Size-Controllable PtPdRuRhCuMo High-Entropy Alloy Nanoparticles for Electrocatalytic Ethylene Glycol Oxidation

High-entropy alloy nanoparticles (HEA NPs) have emerged as a promising core material for designing efficient electrocatalysts, owing to their unique multi-element synergistic effects and structural stability. However, precise control over their morphology and composition remains challenging. In this study, well-dispersed and uniform PtPdRuRhCuMo HEA NPs were successfully synthesized via a facile solvothermal method, leveraging the distinct morphology-directing effects of CTAB and CTAC. The resulting catalysts, particularly the HEA-1 sample (using CTAB as the surfactant), exhibited exceptional electrocatalytic performance toward the alkaline ethylene glycol oxidation reaction (EGOR), achieving a mass activity of 2.4 A mg-1, which significantly surpasses that of commercial Pt/C (1.25 A mg-1). More importantly, the HEA-1 catalyst possesses excellent long-term cyclic stability, retaining 50% of its activity after 10 hours of continuous testing, attributed to the strong electronic interactions between the multi-metal components and the structural integrity of the nanoparticles. This work not only provides a new strategy for the precise control of HEA nanostructures but also advances their potential application in direct alcohol fuel cells and other energy conversion systems.

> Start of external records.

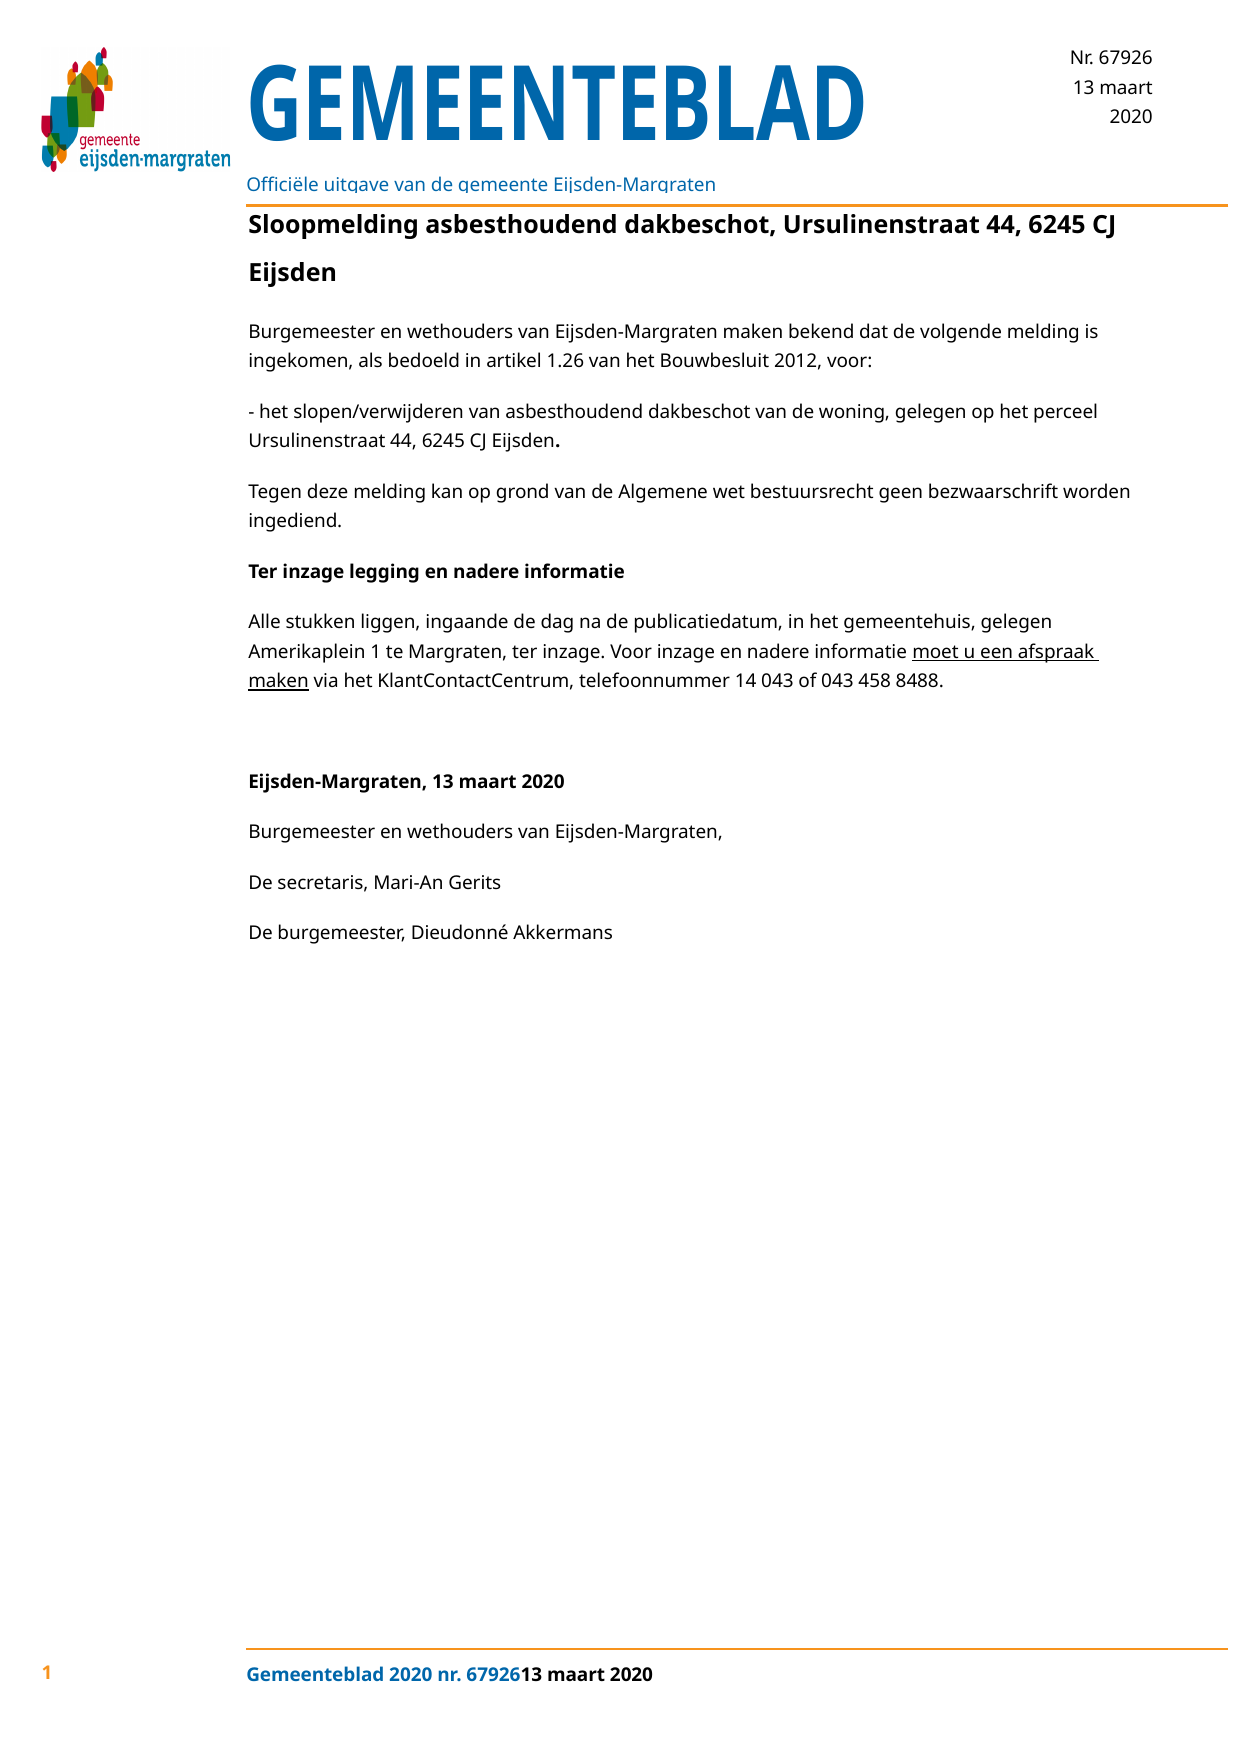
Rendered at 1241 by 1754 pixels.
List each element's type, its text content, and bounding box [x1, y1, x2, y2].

text Ter inzage legging en nadere informatie [248, 558, 1152, 584]
text Burgemeester en wethouders van Eijsden-Margraten maken bekend dat de volgende melding is ingekomen, als bedoeld in artikel 1.26 van het Bouwbesluit 2012, voor: [248, 318, 1152, 373]
picture [41, 47, 231, 172]
text Burgemeester en wethouders van Eijsden-Margraten, [248, 819, 1152, 844]
text Eijsden-Margraten, 13 maart 2020 [248, 768, 1152, 794]
text De secretaris, Mari-An Gerits [248, 869, 1152, 895]
text - het slopen/verwijderen van asbesthoudend dakbeschot van de woning, gelegen op het perceel Ursulinenstraat 44, 6245 CJ Eijsden. [248, 398, 1152, 453]
text Tegen deze melding kan op grond van de Algemene wet bestuursrecht geen bezwaarschrift worden ingediend. [248, 478, 1152, 533]
text Sloopmelding asbesthoudend dakbeschot, Ursulinenstraat 44, 6245 CJ Eijsden [248, 207, 1152, 288]
text Alle stukken liggen, ingaande de dag na de publicatiedatum, in het gemeentehuis, gelegen Amerikaplein 1 te Margraten, ter inzage. Voor inzage en nadere informatie moet u een afspraak maken via het KlantContactCentrum, telefoonnummer 14 043 of 043 458 8488. [248, 608, 1152, 693]
text De burgemeester, Dieudonné Akkermans [248, 919, 1152, 945]

高熵合金纳米颗粒（High-entropy alloy nanoparticles, HEA NPs）已成为设计高效电催化剂的极具潜力的核心材料，这得益于其独特的多元素协同效应与结构稳定性。然而，精准调控其形貌与组分仍颇具挑战。本研究通过简便的溶剂热法，借助十六烷基三甲基溴化铵（cetyltrimethylammonium bromide, CTAB）与十六烷基三甲基氯化铵（cetyltrimethylammonium chloride, CTAC）独特的形貌调控作用，成功合成了分散性良好、尺寸均一的PtPdRuRhCuMo高熵合金纳米颗粒。所制备的催化剂，尤其是以CTAB为表面活性剂的HEA-1样品，在碱性乙二醇氧化反应（alkaline ethylene glycol oxidation reaction, EGOR）中展现出优异的电催化性能：其质量活性可达2.4 A·mg⁻¹，显著优于商用Pt/C催化剂的1.25 A·mg⁻¹。更为关键的是，HEA-1催化剂具备出色的长期循环稳定性，在连续10小时的测试后仍保留50%的初始活性，这归因于多金属组分间强烈的电子相互作用以及纳米颗粒的结构完整性。本研究不仅为高熵合金纳米结构的精准调控提供了全新策略，同时也推动了其在直接醇类燃料电池及其他能源转换系统中的潜在应用。